The U.S. "War on Drugs"
Is an Assault on South America's Poorest
by Benjamin Dangl, AKPress
www.alternet.org, April 12, 2007
[Editor's note: This is excerpted
from Dangl's new book,"The Price of Fire: Resource Wars and
Social Movements in Bolivia.]
I met up with coca farmer Leonilda Zurita
and her colleague Apolonia Sánchez in the Chapare town
of Eterazama in February 2006. Both of them wore the wide, pleated
skirts and white, wide-brimmed mesh hats common to indigenous
women in the Chapare. Zurita, a motherly but fierce social movement
leader, answered my questions with enthusiasm. Her charisma and
strength of spirit helped make her one of the most distinguished
organizers in the country, as well as an alternate senator in
the National Congress. Sánchez is a member of the union
led by Zurita and, in addition to producing coca, sells clothes
for a living. They brought me to the town coca market, which is
organized and monitored by the local union.

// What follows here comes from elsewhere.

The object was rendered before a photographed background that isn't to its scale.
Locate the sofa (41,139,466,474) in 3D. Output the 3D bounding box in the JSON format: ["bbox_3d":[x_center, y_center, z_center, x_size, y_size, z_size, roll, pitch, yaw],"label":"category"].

The market in Eterazama, situated on a
large concrete expanse underneath a corrugated metal roof, has
been operating for the past 25 years. Inside, the air was thick
with the rich, pungent odor of the coca leaf. Green piles of coca
up to four feet high were spread across the floor. Farmers' children
played in it, rolling around and throwing leaves at each other
while families unloaded tightly stuffed sacks of coca from cars
and bicycles to empty out onto the market floor.

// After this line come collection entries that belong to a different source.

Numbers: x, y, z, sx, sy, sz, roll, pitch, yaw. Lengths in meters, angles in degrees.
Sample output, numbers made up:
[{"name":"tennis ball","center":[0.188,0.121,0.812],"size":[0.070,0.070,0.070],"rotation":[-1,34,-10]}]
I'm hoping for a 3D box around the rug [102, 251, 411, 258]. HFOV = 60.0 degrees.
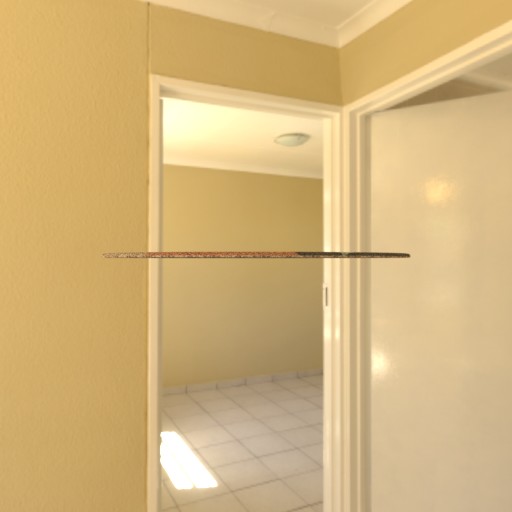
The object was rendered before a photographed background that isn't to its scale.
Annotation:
[{"name":"rug","center":[0.000,0.000,3.728],"size":[2.461,0.033,2.461],"rotation":[0,0,0]}]
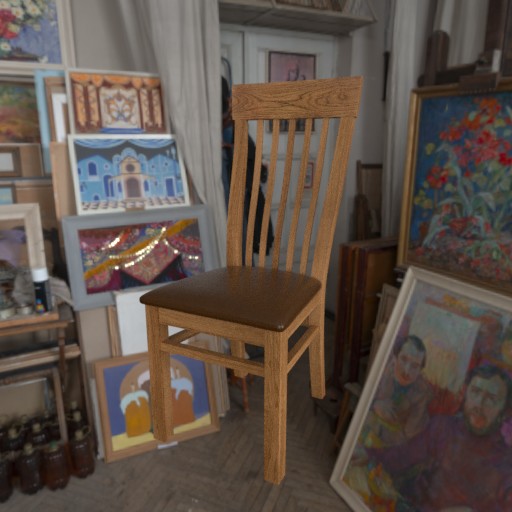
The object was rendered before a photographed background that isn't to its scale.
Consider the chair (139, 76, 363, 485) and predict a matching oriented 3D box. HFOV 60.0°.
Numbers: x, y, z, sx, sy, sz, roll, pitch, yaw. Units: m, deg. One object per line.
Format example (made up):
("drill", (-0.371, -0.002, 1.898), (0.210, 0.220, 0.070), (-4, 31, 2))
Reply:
("chair", (0.000, 0.000, 1.336), (0.450, 1.050, 0.580), (7, 16, 26))

Like elsewhere in the Chapare, Eterazama
is surrounded by small coca farms. The tropical climate allows
farmers to produce coca year-round, harvesting their crop every
three to four months. Most of the region's coca is produced by
small farmers who travel for miles by bike, car and on foot to
sell their leaves at legal, union-controlled markets in towns
like this. Coca purchased at town markets is usually resold in
larger city markets. The union controls sales as tightly as possible,
and those caught selling coca outside the legal, union-controlled
markets are not allowed back.
For many farmers in the Chapare, the alternative
to growing coca is unemployment and hunger. "We need to take
care of our coca as if it were a child so that the whole family
can survive," Zurita said. "The coca gives us food.
It takes care of our education and healthcare because here education
and healthcare are not free. When we sell coca, we are able to
buy school supplies for our children so they can study."

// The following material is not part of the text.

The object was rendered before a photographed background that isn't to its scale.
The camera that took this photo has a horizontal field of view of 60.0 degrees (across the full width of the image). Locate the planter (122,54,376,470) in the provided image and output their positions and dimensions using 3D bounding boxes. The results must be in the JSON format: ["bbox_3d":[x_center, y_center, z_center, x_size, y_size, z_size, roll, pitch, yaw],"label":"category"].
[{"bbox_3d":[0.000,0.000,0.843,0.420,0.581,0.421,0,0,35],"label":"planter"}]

After my trip to the Eterazama coca market,
I took a bus to visit Zurita's home in the Chapare. The vehicle
was teeming with sacks of rice, cooking oil, and children in white
school uniforms. I squashed myself into the pile of people and
bags as we barreled down the dirt road, past a military encampment
where hundreds of security forces were stationed in tents for
eradication efforts. We passed countless coca fields and homes
with the green leaf drying in front yards.
Her house was one of the last before the
road turned into jungle foot paths. Like other homes in the area,
it didn't have electricity or running water. The two-story structure
was about 10 by 20 feet wide and had no walls or floor. A loft
constructed of logs lashed together and secured with wooden pegs
was topped by a roof made of intertwined leaves. Though Zurita's
family lives in conditions like thousands of other poor coca farmers,
she still remains connected to the outside world. When we arrived,
her cell phone was charging in her husband's car and rang constantly.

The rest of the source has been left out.